### What the task requires:
Beginning with the line that includes "Answer in this" and ending with the last line, print the records exactly, leaving every picture out.
--- Recorded information ---
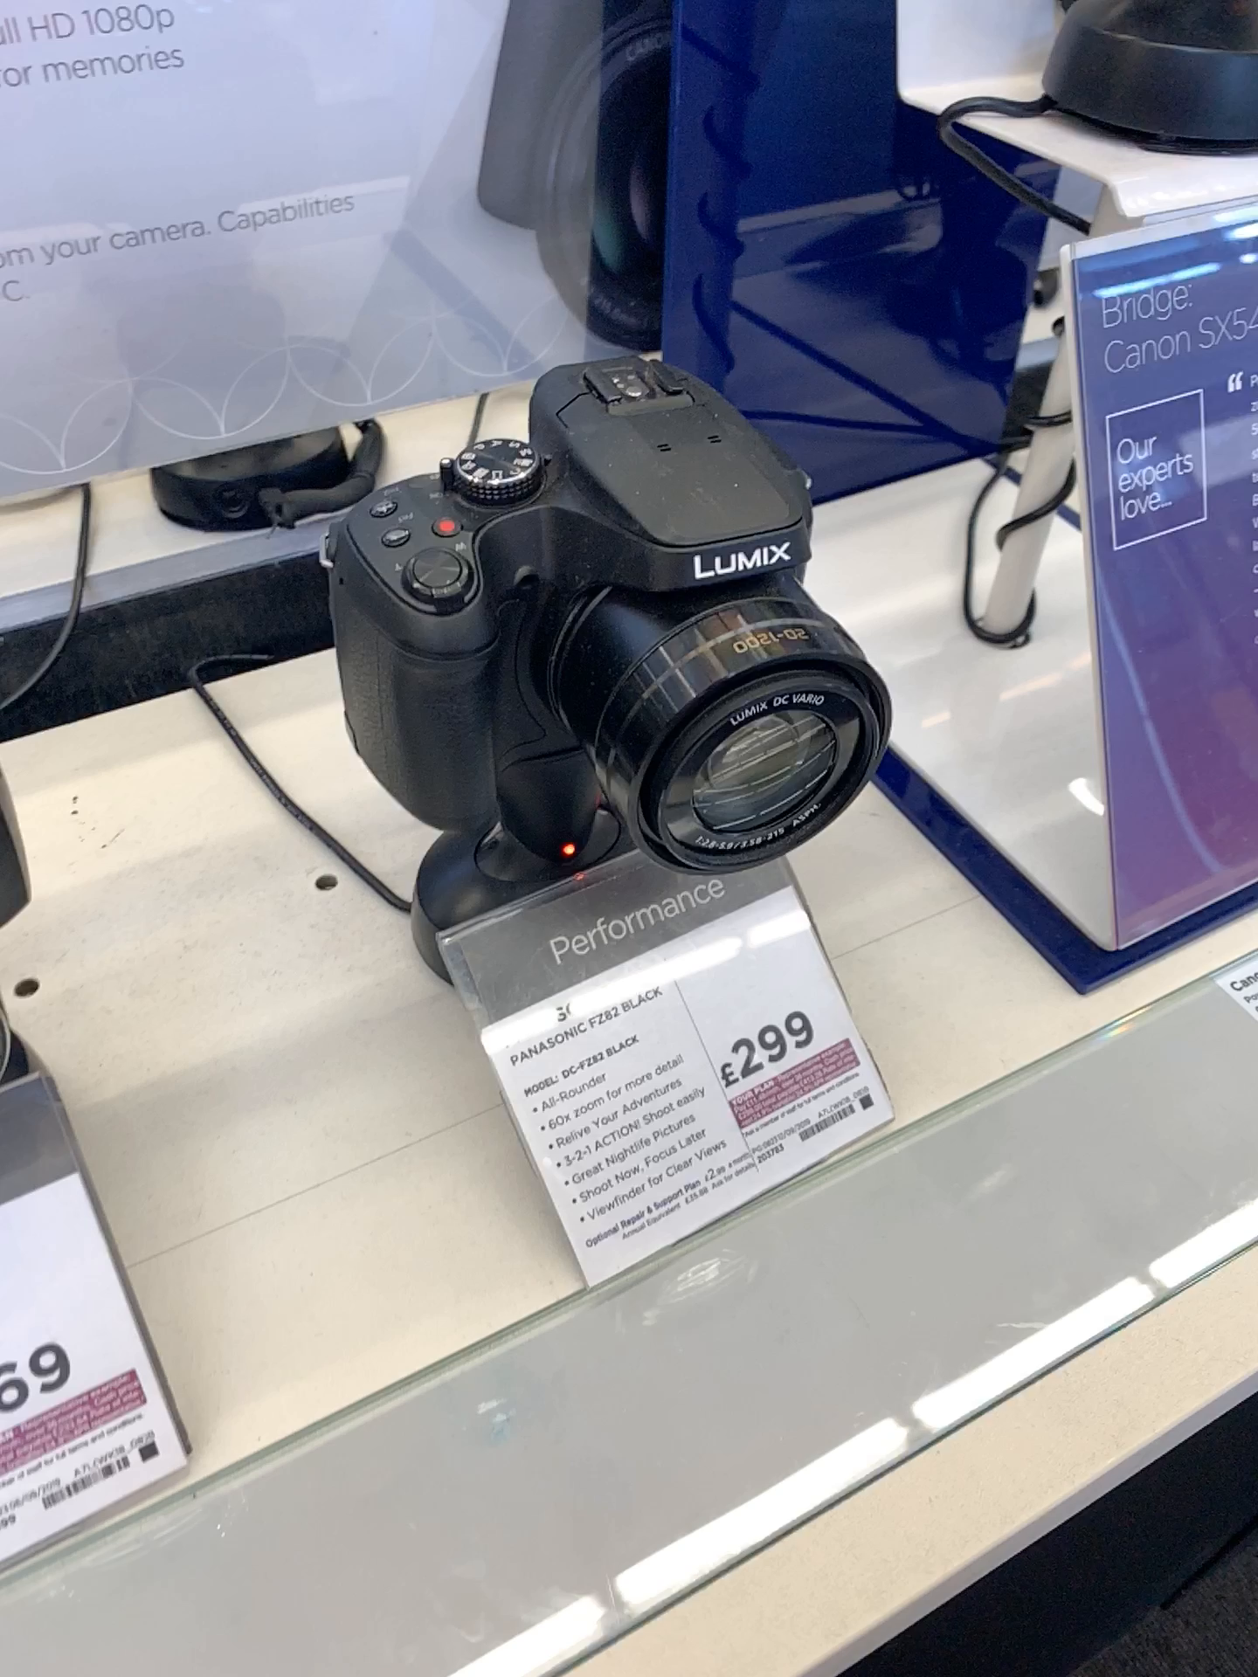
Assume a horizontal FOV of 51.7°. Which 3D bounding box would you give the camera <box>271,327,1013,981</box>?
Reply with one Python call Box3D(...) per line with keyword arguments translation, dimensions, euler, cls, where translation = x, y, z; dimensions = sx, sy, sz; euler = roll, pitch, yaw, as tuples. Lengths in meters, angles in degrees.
Box3D(translation=(-0.003, -0.054, 0.323), dimensions=(0.130, 0.079, 0.121), euler=(-18, 48, -18), cls="camera")
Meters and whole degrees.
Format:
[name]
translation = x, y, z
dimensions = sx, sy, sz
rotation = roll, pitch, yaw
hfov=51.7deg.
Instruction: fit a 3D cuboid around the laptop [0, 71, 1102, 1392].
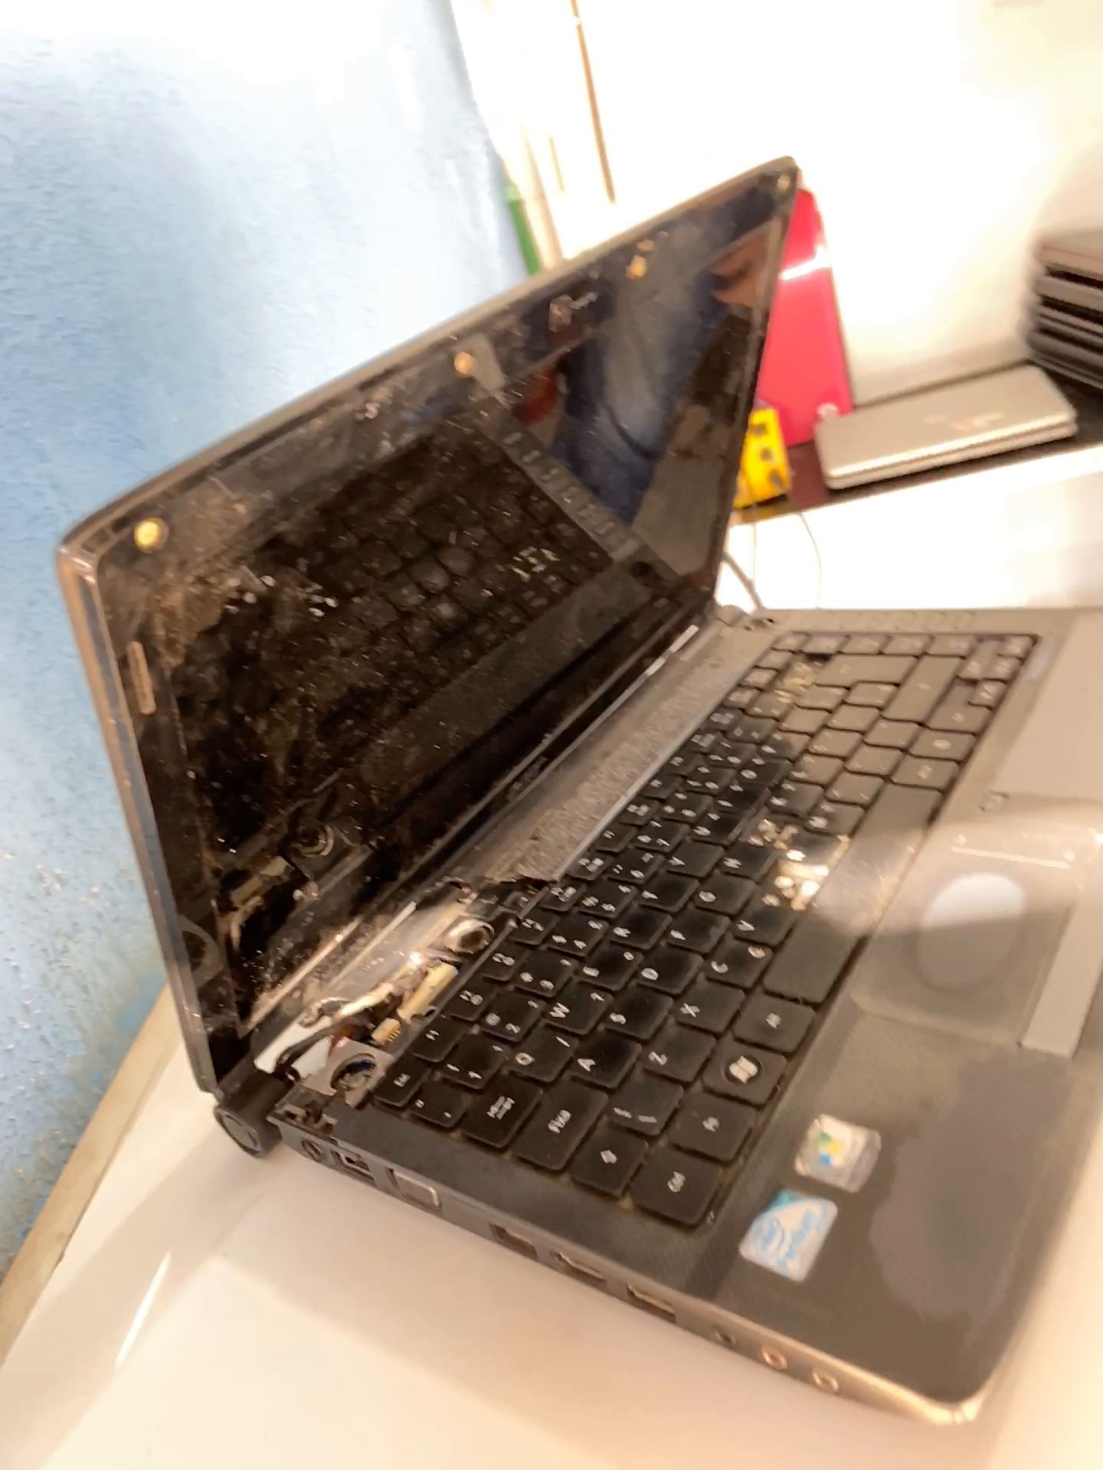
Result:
[laptop]
translation = 0.052, -0.048, 0.354
dimensions = 0.228, 0.182, 0.335
rotation = 4, 34, 38
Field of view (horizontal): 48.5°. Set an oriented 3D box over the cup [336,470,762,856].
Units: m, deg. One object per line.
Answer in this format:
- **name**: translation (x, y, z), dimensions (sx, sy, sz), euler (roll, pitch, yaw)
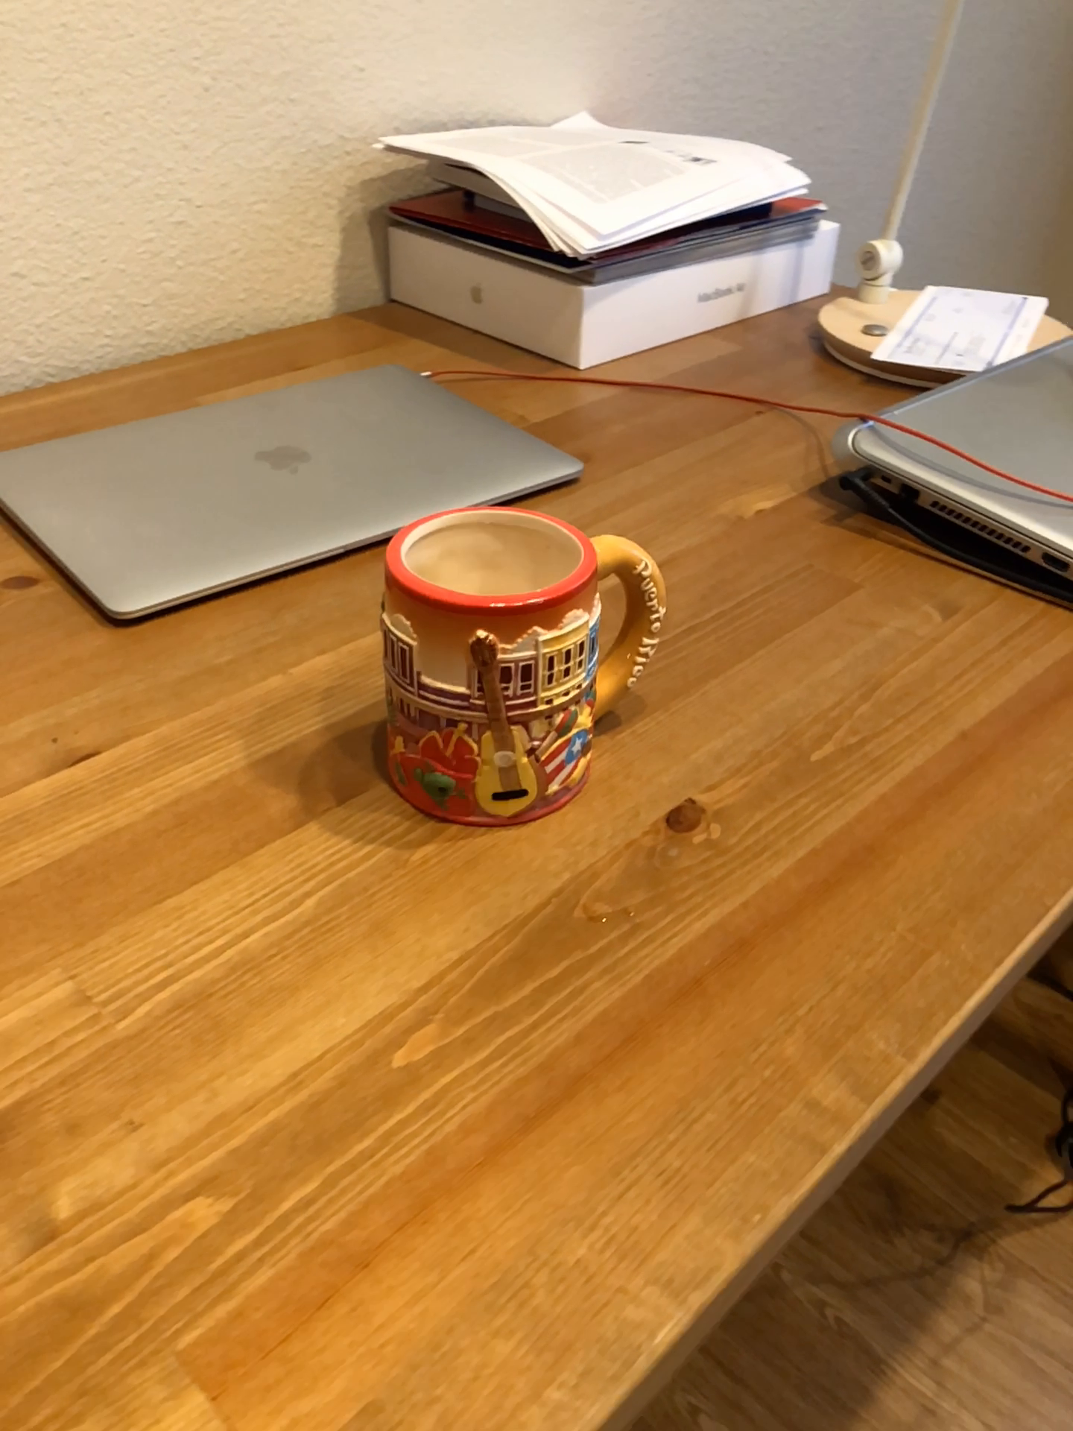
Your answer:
- **cup**: translation (0.003, -0.026, 0.466), dimensions (0.130, 0.090, 0.090), euler (-17, 39, -25)
---
### Answer space:
Answer in this format:
- **name**: translation (x, y, z), dimensions (sx, sy, sz), euler (roll, pitch, yaw)
Your answer:
- **cup**: translation (0.003, -0.026, 0.466), dimensions (0.130, 0.090, 0.090), euler (-17, 39, -25)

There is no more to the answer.